See, it can be very easy to visit a glamorous site like Nickis in order to pick up some designer clothes for your children, that look great, but creating confident children who are comfortable with how they look goes beyond the clothes they wear.  

Confidence is an internal job that needs to be generated from the inside rather than put on like a mask – as there are two different types of confidence, external confidence where we seem confident to the outside world and internal confidence where we truly feel confident within ourselves.

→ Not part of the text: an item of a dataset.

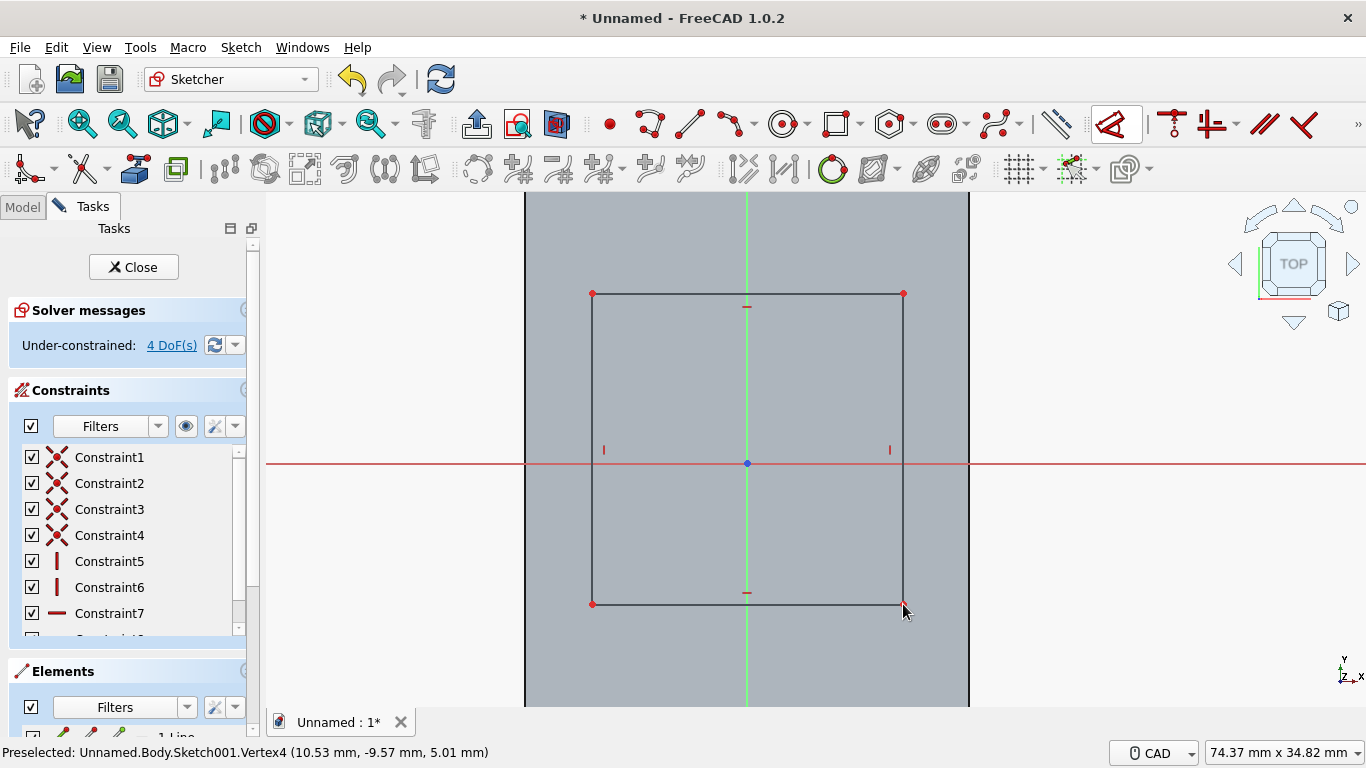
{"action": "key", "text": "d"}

Confidence is like a snowball, in that, the more confidence you have the more confident you become, and whilst confidence is something internal, dressing well can be like wrapping up a precious gift in that the most important thing is what’s on the inside, not how it’s packaged, but the packaging seriously affects the way people view and respond to what’s on the inside.

Indeed, we are judged on our packaging each and every day, by every person we come into contact with.  It’s subconscious and automatic.

Therefore, it is important we come across well, but what’s even more important is that we feel comfortable and confident in our own personal style.

There are two overarching principles within this.  The first it to pick clothes that express your personality in the sense they are focused on your own personal tastes and preferences.  The second is to ensure you dress in a way that allows you to relax and feel comfortable in your environment.


Try not to be swept up with current fashion trends and the opinion of the masses – rather than your own personal opinion.  Make sure you choose clothes that you love. Have an opinion of your own and flesh out your wardrobe on the basis of what you personally like.  

Of course, it might be good to get a second opinion, particularly if you don’t have a good creative eye, but the fundamental principle of wearing what you want is solid.


You don’t want to feel uptight or uncomfortable in what you’re wearing.  

Imagine going to the gym, knowing that your t-shirt is a little too small so that when you put your hands above your head the base of the t-shirt rises to reveal your stomach, or your top is so low that whenever you bend down to do an exercise everyone can see your cleavage.  

The key point is that you want to feel relaxed and comfortable in what you’re wearing, this way you can feel at ease and have more body confidence.

In summary, body confidence is something that must be generated on the inside – but the external plays a huge role; be that our physical condition or our fashion.  The trick is to embrace being yourself and loving yourself exactly as you are, but doing what you can to optimize your appearance through both exercise and fashion.